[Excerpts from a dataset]
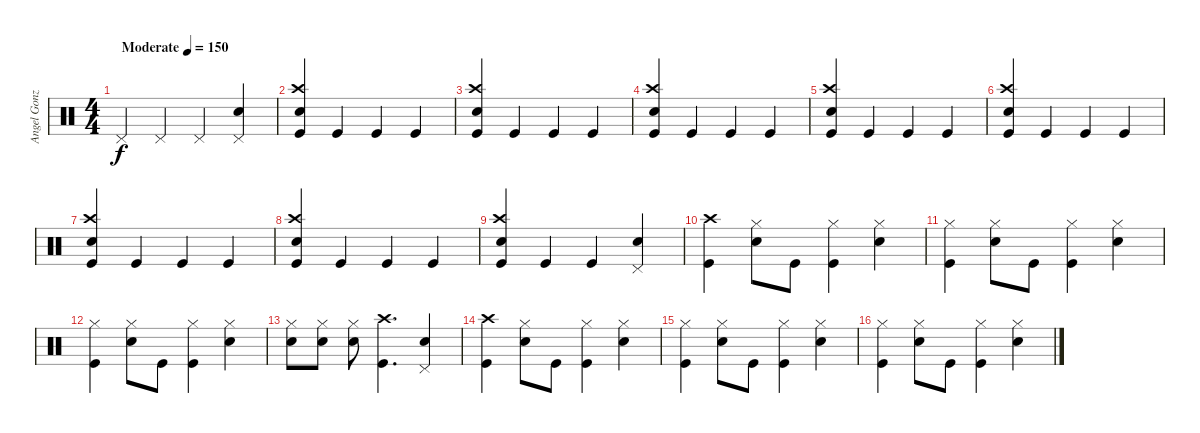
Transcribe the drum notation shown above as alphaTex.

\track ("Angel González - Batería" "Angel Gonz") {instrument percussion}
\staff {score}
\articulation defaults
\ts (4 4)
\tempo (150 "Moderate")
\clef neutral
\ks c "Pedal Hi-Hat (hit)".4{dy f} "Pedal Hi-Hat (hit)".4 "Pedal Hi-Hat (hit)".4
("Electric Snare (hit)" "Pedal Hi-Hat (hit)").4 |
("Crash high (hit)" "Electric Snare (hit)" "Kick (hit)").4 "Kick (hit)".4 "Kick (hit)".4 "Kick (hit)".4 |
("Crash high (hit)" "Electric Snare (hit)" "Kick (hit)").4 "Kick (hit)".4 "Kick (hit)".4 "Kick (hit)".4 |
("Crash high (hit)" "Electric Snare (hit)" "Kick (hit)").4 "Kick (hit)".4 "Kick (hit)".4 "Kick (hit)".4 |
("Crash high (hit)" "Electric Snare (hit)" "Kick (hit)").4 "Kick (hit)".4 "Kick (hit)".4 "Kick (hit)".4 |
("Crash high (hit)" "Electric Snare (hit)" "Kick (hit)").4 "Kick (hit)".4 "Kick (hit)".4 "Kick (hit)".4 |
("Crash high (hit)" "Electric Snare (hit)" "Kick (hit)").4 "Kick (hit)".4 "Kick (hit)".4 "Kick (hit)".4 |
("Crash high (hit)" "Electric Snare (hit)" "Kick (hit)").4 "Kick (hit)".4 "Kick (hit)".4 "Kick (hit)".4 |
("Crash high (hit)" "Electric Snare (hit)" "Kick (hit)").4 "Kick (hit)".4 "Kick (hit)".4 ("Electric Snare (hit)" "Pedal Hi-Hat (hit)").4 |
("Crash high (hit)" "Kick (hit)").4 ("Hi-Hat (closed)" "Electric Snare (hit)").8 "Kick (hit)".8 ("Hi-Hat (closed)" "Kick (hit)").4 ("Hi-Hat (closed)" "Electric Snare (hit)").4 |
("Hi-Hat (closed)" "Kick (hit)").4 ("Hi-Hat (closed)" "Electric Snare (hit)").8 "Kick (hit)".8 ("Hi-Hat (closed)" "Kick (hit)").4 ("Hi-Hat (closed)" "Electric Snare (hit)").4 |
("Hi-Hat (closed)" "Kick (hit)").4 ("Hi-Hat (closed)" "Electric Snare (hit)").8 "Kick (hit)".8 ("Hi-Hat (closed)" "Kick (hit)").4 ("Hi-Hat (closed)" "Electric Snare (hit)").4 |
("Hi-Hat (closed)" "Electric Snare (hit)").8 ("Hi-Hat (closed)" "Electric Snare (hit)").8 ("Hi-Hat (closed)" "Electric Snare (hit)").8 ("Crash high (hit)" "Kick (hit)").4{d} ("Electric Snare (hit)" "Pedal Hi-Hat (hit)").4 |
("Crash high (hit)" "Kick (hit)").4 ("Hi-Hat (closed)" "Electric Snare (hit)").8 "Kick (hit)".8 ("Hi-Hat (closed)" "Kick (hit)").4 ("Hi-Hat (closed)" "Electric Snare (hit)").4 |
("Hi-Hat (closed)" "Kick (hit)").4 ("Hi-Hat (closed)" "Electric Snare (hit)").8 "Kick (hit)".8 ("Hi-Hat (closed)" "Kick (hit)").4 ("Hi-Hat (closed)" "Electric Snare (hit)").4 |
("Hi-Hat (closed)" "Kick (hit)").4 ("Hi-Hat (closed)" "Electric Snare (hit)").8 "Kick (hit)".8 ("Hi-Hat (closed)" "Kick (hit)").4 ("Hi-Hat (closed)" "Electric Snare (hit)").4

#### [WORK REQUEST]
The records above should be copied word for word, with the pictures left out.

#### [WRITTEN RESPONSE]
Transcribe the drum notation shown above as alphaTex.

\track ("Angel González - Batería" "Angel Gonz") {instrument percussion}
\staff {score}
\articulation defaults
\ts (4 4)
\tempo (150 "Moderate")
\clef neutral
\ks c "Pedal Hi-Hat (hit)".4{dy f} "Pedal Hi-Hat (hit)".4 "Pedal Hi-Hat (hit)".4
("Electric Snare (hit)" "Pedal Hi-Hat (hit)").4 |
("Crash high (hit)" "Electric Snare (hit)" "Kick (hit)").4 "Kick (hit)".4 "Kick (hit)".4 "Kick (hit)".4 |
("Crash high (hit)" "Electric Snare (hit)" "Kick (hit)").4 "Kick (hit)".4 "Kick (hit)".4 "Kick (hit)".4 |
("Crash high (hit)" "Electric Snare (hit)" "Kick (hit)").4 "Kick (hit)".4 "Kick (hit)".4 "Kick (hit)".4 |
("Crash high (hit)" "Electric Snare (hit)" "Kick (hit)").4 "Kick (hit)".4 "Kick (hit)".4 "Kick (hit)".4 |
("Crash high (hit)" "Electric Snare (hit)" "Kick (hit)").4 "Kick (hit)".4 "Kick (hit)".4 "Kick (hit)".4 |
("Crash high (hit)" "Electric Snare (hit)" "Kick (hit)").4 "Kick (hit)".4 "Kick (hit)".4 "Kick (hit)".4 |
("Crash high (hit)" "Electric Snare (hit)" "Kick (hit)").4 "Kick (hit)".4 "Kick (hit)".4 "Kick (hit)".4 |
("Crash high (hit)" "Electric Snare (hit)" "Kick (hit)").4 "Kick (hit)".4 "Kick (hit)".4 ("Electric Snare (hit)" "Pedal Hi-Hat (hit)").4 |
("Crash high (hit)" "Kick (hit)").4 ("Hi-Hat (closed)" "Electric Snare (hit)").8 "Kick (hit)".8 ("Hi-Hat (closed)" "Kick (hit)").4 ("Hi-Hat (closed)" "Electric Snare (hit)").4 |
("Hi-Hat (closed)" "Kick (hit)").4 ("Hi-Hat (closed)" "Electric Snare (hit)").8 "Kick (hit)".8 ("Hi-Hat (closed)" "Kick (hit)").4 ("Hi-Hat (closed)" "Electric Snare (hit)").4 |
("Hi-Hat (closed)" "Kick (hit)").4 ("Hi-Hat (closed)" "Electric Snare (hit)").8 "Kick (hit)".8 ("Hi-Hat (closed)" "Kick (hit)").4 ("Hi-Hat (closed)" "Electric Snare (hit)").4 |
("Hi-Hat (closed)" "Electric Snare (hit)").8 ("Hi-Hat (closed)" "Electric Snare (hit)").8 ("Hi-Hat (closed)" "Electric Snare (hit)").8 ("Crash high (hit)" "Kick (hit)").4{d} ("Electric Snare (hit)" "Pedal Hi-Hat (hit)").4 |
("Crash high (hit)" "Kick (hit)").4 ("Hi-Hat (closed)" "Electric Snare (hit)").8 "Kick (hit)".8 ("Hi-Hat (closed)" "Kick (hit)").4 ("Hi-Hat (closed)" "Electric Snare (hit)").4 |
("Hi-Hat (closed)" "Kick (hit)").4 ("Hi-Hat (closed)" "Electric Snare (hit)").8 "Kick (hit)".8 ("Hi-Hat (closed)" "Kick (hit)").4 ("Hi-Hat (closed)" "Electric Snare (hit)").4 |
("Hi-Hat (closed)" "Kick (hit)").4 ("Hi-Hat (closed)" "Electric Snare (hit)").8 "Kick (hit)".8 ("Hi-Hat (closed)" "Kick (hit)").4 ("Hi-Hat (closed)" "Electric Snare (hit)").4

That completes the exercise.